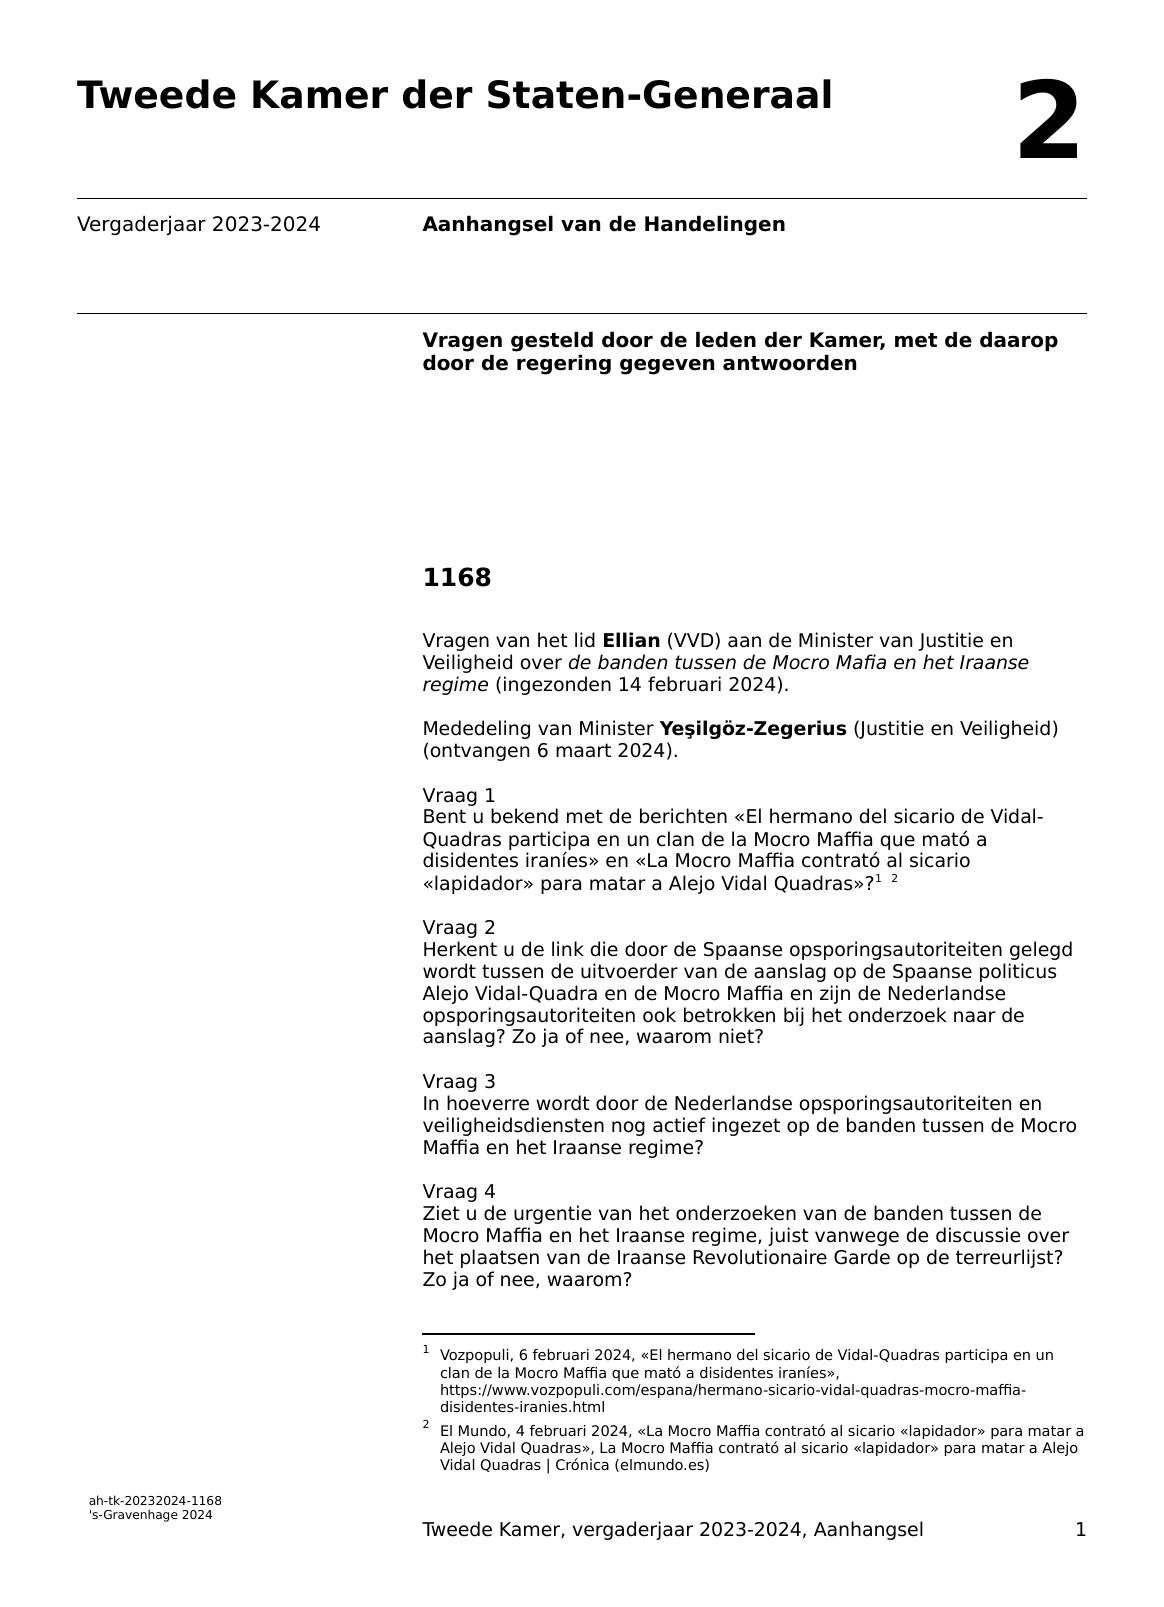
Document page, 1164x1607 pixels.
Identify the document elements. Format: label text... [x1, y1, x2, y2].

==

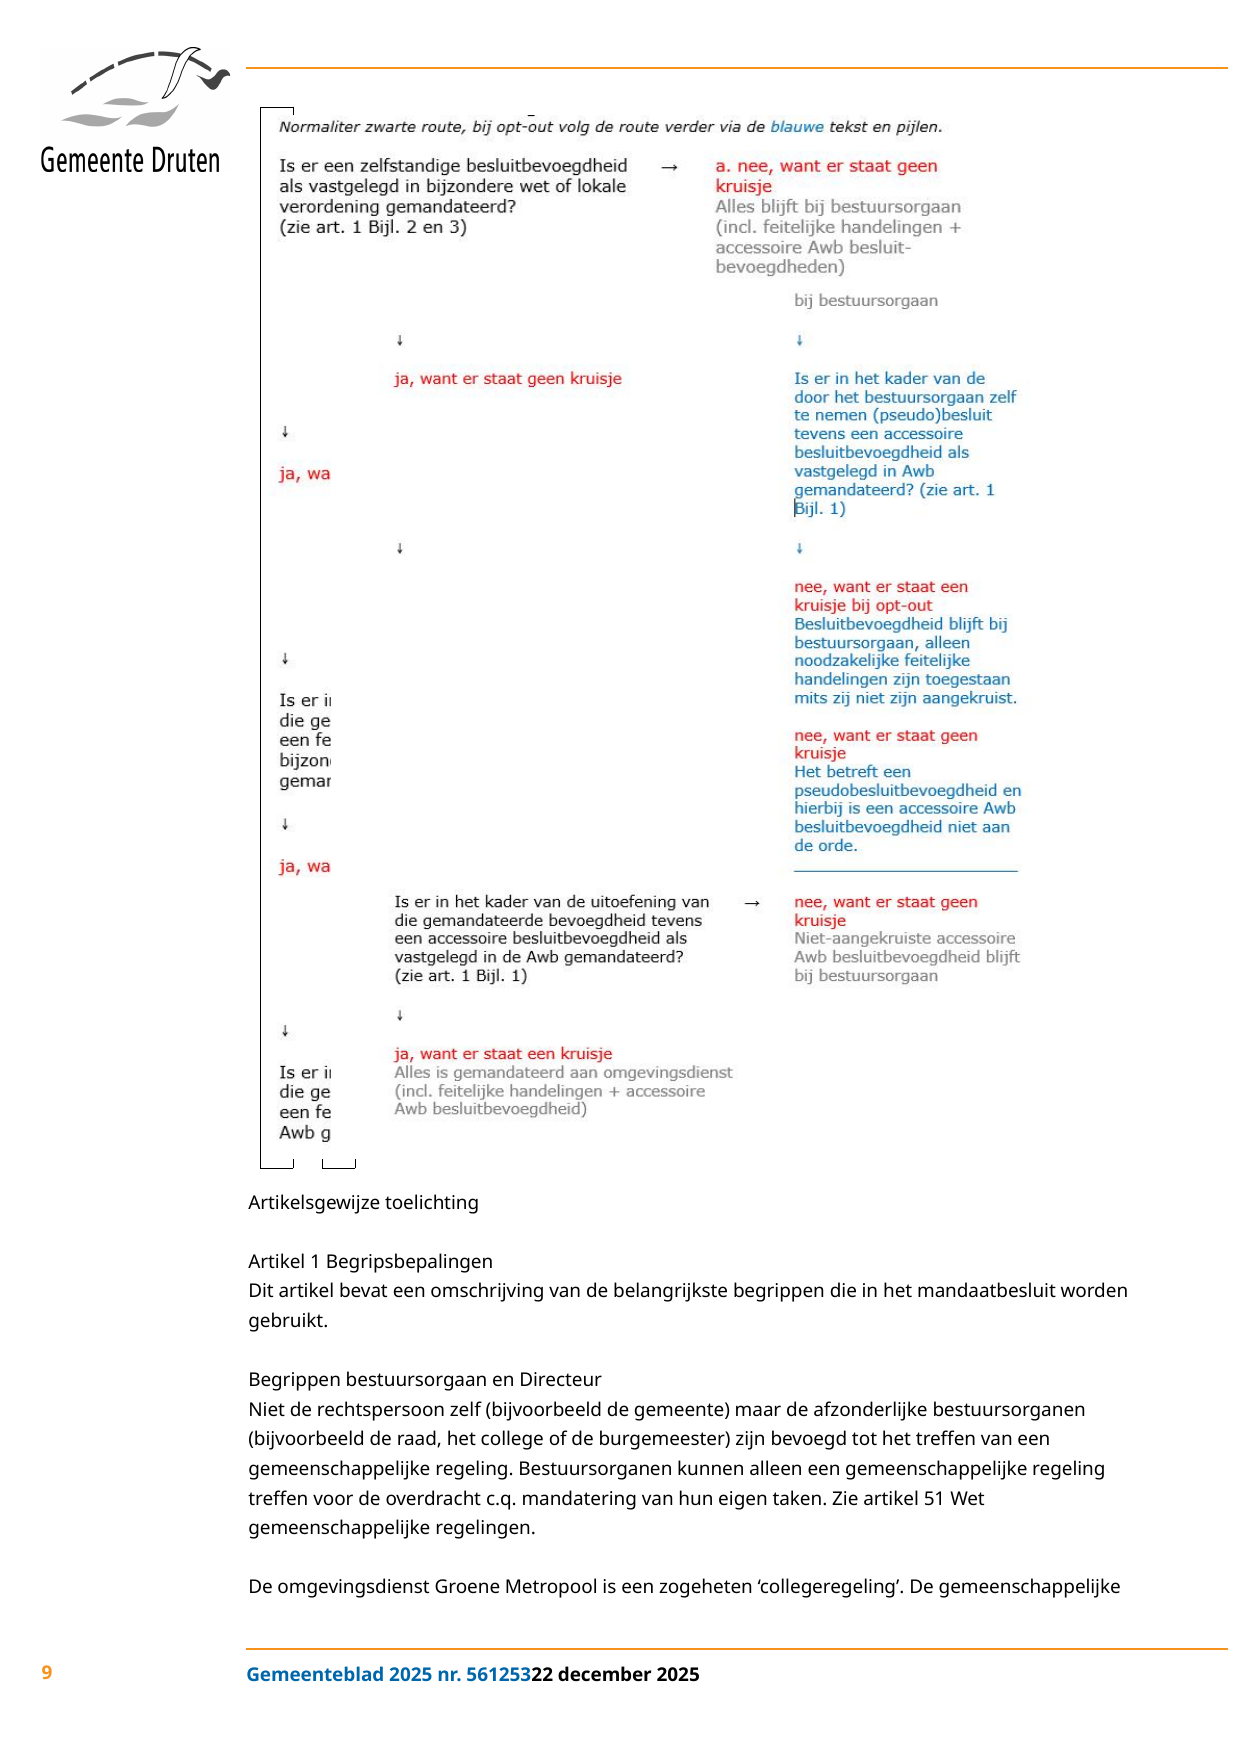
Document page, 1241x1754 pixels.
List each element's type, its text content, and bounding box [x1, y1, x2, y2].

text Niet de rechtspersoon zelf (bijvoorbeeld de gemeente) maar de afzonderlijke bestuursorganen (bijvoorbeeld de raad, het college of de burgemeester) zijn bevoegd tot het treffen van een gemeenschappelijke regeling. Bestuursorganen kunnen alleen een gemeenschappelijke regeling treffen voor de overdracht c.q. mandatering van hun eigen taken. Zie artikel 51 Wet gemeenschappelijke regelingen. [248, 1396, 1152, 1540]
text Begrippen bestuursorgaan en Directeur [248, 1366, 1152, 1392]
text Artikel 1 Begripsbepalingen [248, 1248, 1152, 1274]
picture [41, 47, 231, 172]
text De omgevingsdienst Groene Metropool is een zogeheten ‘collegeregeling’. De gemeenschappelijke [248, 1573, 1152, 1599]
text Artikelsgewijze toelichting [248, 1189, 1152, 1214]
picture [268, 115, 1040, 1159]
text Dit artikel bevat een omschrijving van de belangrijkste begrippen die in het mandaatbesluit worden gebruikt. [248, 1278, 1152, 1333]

## [WHAT THIS TASK INVOLVES]
Read through the data above. Report each line that has the word "page".

## [EXPECTED ANSWER]
Document page, 1164x1607 pixels.
Document page, 1241x1754 pixels.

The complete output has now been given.